[Supplied data]

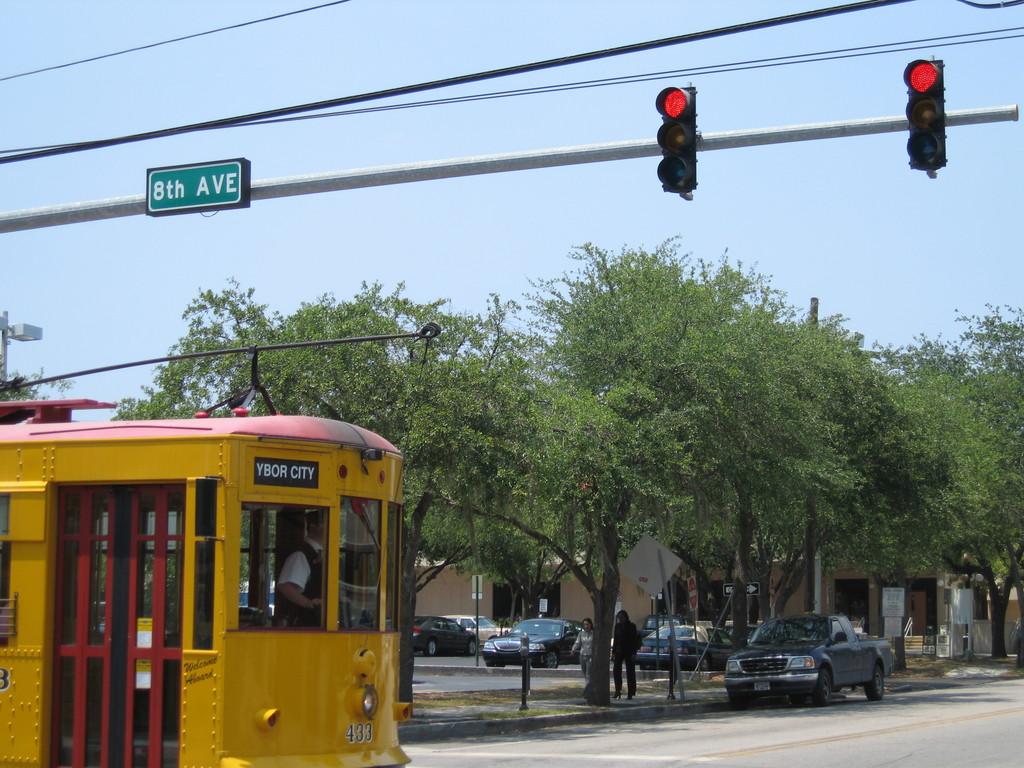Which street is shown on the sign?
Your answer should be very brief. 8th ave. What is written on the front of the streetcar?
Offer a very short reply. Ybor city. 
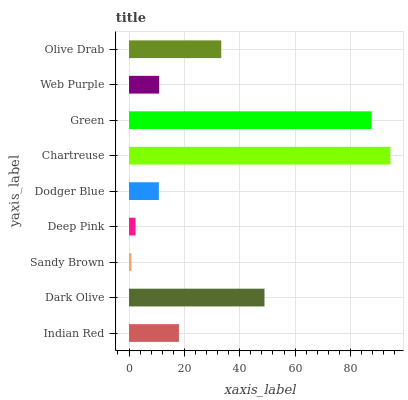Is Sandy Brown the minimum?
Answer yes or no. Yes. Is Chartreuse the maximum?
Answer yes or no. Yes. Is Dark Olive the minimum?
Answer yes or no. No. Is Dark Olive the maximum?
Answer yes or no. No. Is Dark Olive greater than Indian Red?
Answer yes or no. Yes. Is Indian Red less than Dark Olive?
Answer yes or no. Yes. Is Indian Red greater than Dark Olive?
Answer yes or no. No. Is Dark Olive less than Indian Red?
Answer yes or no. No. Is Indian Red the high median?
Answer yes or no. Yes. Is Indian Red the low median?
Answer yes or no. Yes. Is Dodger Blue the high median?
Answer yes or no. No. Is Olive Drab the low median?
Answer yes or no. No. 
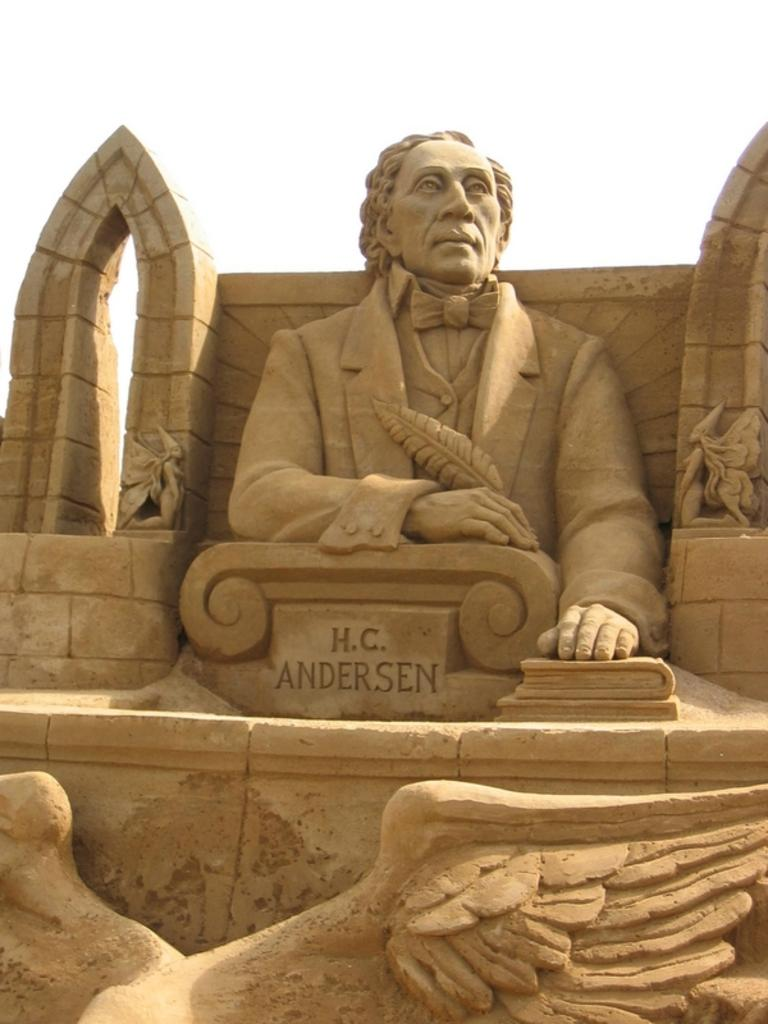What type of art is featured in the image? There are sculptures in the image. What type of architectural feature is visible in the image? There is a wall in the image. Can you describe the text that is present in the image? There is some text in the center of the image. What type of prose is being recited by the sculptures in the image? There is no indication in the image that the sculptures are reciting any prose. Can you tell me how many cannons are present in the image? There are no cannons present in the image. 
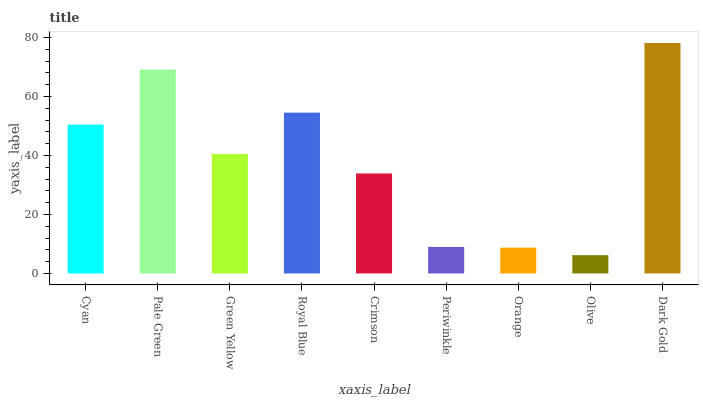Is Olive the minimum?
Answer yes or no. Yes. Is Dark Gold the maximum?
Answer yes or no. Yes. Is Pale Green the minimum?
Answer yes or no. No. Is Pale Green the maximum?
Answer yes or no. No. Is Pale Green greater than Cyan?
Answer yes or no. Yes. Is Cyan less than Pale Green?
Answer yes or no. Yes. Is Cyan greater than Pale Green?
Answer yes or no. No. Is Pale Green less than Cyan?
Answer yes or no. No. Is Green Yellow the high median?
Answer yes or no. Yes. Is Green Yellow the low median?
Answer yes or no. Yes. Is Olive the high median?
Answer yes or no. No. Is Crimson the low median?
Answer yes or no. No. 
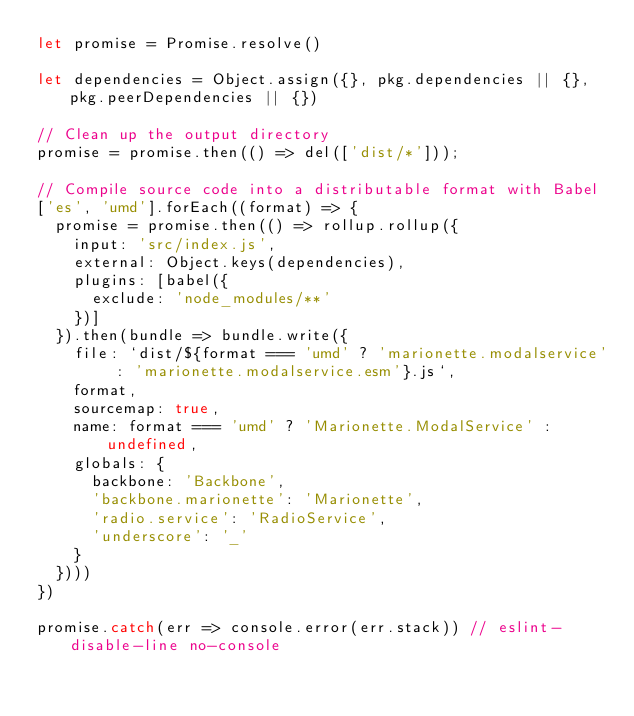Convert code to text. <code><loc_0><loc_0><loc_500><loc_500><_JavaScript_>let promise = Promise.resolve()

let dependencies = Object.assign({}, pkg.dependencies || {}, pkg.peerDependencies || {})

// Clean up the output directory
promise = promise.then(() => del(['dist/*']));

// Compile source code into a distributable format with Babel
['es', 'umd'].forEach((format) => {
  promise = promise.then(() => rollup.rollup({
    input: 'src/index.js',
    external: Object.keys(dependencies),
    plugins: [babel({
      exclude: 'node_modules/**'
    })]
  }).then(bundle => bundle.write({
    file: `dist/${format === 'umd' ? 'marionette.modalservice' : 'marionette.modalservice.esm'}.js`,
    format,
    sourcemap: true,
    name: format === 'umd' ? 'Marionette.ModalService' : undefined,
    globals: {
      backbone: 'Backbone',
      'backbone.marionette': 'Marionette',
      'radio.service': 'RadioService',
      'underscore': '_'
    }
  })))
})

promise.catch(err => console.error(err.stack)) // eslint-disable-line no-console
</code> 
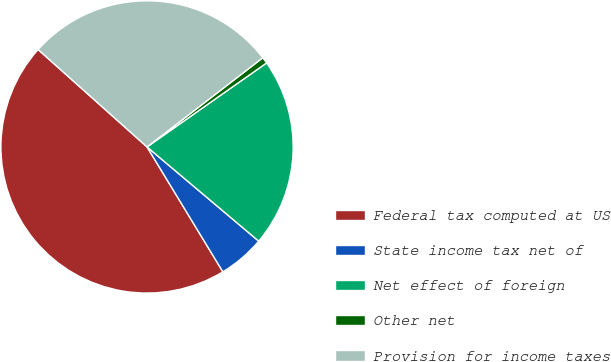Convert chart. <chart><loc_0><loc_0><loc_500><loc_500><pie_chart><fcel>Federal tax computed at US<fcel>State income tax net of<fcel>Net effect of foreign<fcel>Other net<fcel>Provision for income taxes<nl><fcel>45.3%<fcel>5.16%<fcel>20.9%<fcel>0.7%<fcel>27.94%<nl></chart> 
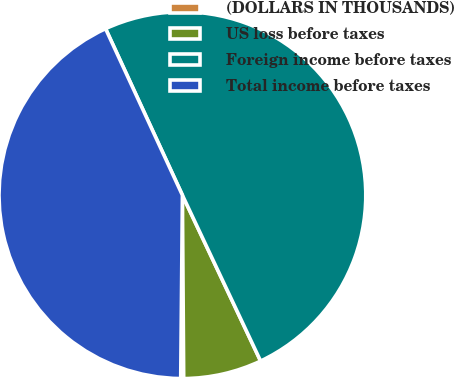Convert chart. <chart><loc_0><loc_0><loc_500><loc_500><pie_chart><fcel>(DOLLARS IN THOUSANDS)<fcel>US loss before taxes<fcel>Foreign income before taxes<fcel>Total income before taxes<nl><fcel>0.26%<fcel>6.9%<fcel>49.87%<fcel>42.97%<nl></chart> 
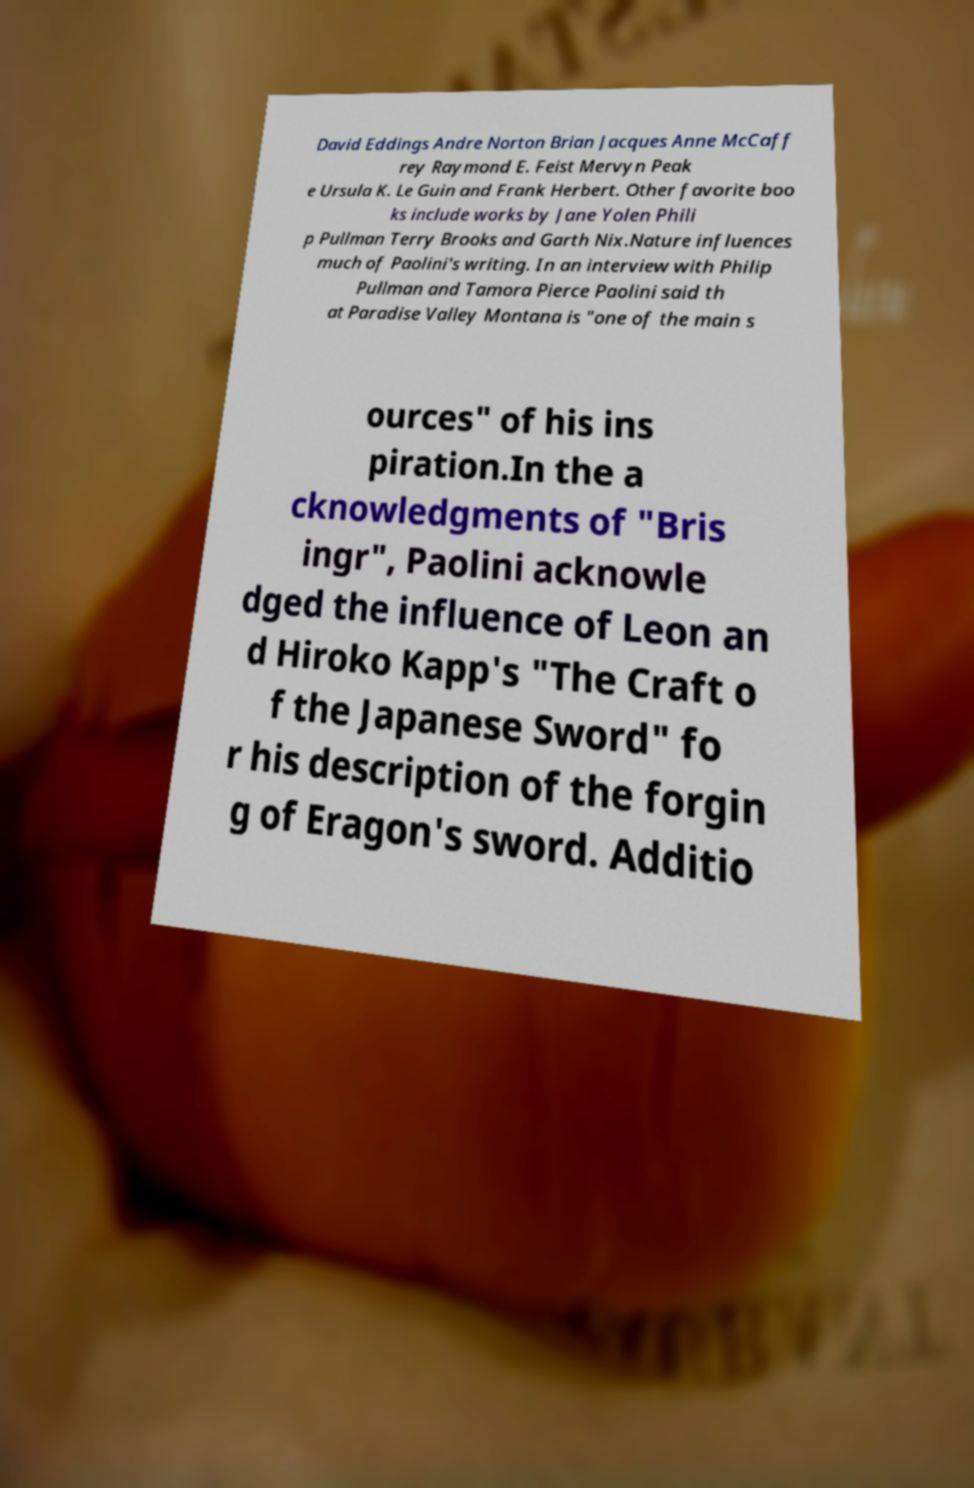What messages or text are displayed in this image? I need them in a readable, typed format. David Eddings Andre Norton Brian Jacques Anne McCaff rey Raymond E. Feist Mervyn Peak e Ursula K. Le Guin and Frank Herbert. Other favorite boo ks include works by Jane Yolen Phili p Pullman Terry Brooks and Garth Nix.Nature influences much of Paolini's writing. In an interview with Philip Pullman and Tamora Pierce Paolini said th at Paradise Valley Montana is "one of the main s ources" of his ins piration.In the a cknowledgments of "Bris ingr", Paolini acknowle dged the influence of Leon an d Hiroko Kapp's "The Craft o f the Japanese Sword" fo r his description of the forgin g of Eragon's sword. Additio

[/Supplied data]

## To do
Restate the data above verbatim, skipping every image.

## Response
Which street is shown on the sign?
Your answer should be very brief. 8th ave. What is written on the front of the streetcar?
Offer a very short reply. Ybor city. 
Is Sandy Brown the minimum?
Answer yes or no. Yes. Is Chartreuse the maximum?
Answer yes or no. Yes. Is Dark Olive the minimum?
Answer yes or no. No. Is Dark Olive the maximum?
Answer yes or no. No. Is Dark Olive greater than Indian Red?
Answer yes or no. Yes. Is Indian Red less than Dark Olive?
Answer yes or no. Yes. Is Indian Red greater than Dark Olive?
Answer yes or no. No. Is Dark Olive less than Indian Red?
Answer yes or no. No. Is Indian Red the high median?
Answer yes or no. Yes. Is Indian Red the low median?
Answer yes or no. Yes. Is Dodger Blue the high median?
Answer yes or no. No. Is Olive Drab the low median?
Answer yes or no. No. 
What type of art is featured in the image? There are sculptures in the image. What type of architectural feature is visible in the image? There is a wall in the image. Can you describe the text that is present in the image? There is some text in the center of the image. What type of prose is being recited by the sculptures in the image? There is no indication in the image that the sculptures are reciting any prose. Can you tell me how many cannons are present in the image? There are no cannons present in the image. 
Is Olive the minimum?
Answer yes or no. Yes. Is Dark Gold the maximum?
Answer yes or no. Yes. Is Pale Green the minimum?
Answer yes or no. No. Is Pale Green the maximum?
Answer yes or no. No. Is Pale Green greater than Cyan?
Answer yes or no. Yes. Is Cyan less than Pale Green?
Answer yes or no. Yes. Is Cyan greater than Pale Green?
Answer yes or no. No. Is Pale Green less than Cyan?
Answer yes or no. No. Is Green Yellow the high median?
Answer yes or no. Yes. Is Green Yellow the low median?
Answer yes or no. Yes. Is Olive the high median?
Answer yes or no. No. Is Crimson the low median?
Answer yes or no. No. 
Convert code to text. <code><loc_0><loc_0><loc_500><loc_500><_JavaScript_>let promise = Promise.resolve()

let dependencies = Object.assign({}, pkg.dependencies || {}, pkg.peerDependencies || {})

// Clean up the output directory
promise = promise.then(() => del(['dist/*']));

// Compile source code into a distributable format with Babel
['es', 'umd'].forEach((format) => {
  promise = promise.then(() => rollup.rollup({
    input: 'src/index.js',
    external: Object.keys(dependencies),
    plugins: [babel({
      exclude: 'node_modules/**'
    })]
  }).then(bundle => bundle.write({
    file: `dist/${format === 'umd' ? 'marionette.modalservice' : 'marionette.modalservice.esm'}.js`,
    format,
    sourcemap: true,
    name: format === 'umd' ? 'Marionette.ModalService' : undefined,
    globals: {
      backbone: 'Backbone',
      'backbone.marionette': 'Marionette',
      'radio.service': 'RadioService',
      'underscore': '_'
    }
  })))
})

promise.catch(err => console.error(err.stack)) // eslint-disable-line no-console
</code> 
Convert chart. <chart><loc_0><loc_0><loc_500><loc_500><pie_chart><fcel>Federal tax computed at US<fcel>State income tax net of<fcel>Net effect of foreign<fcel>Other net<fcel>Provision for income taxes<nl><fcel>45.3%<fcel>5.16%<fcel>20.9%<fcel>0.7%<fcel>27.94%<nl></chart> 
Convert chart. <chart><loc_0><loc_0><loc_500><loc_500><pie_chart><fcel>(DOLLARS IN THOUSANDS)<fcel>US loss before taxes<fcel>Foreign income before taxes<fcel>Total income before taxes<nl><fcel>0.26%<fcel>6.9%<fcel>49.87%<fcel>42.97%<nl></chart> 
What messages or text are displayed in this image? I need them in a readable, typed format. David Eddings Andre Norton Brian Jacques Anne McCaff rey Raymond E. Feist Mervyn Peak e Ursula K. Le Guin and Frank Herbert. Other favorite boo ks include works by Jane Yolen Phili p Pullman Terry Brooks and Garth Nix.Nature influences much of Paolini's writing. In an interview with Philip Pullman and Tamora Pierce Paolini said th at Paradise Valley Montana is "one of the main s ources" of his ins piration.In the a cknowledgments of "Bris ingr", Paolini acknowle dged the influence of Leon an d Hiroko Kapp's "The Craft o f the Japanese Sword" fo r his description of the forgin g of Eragon's sword. Additio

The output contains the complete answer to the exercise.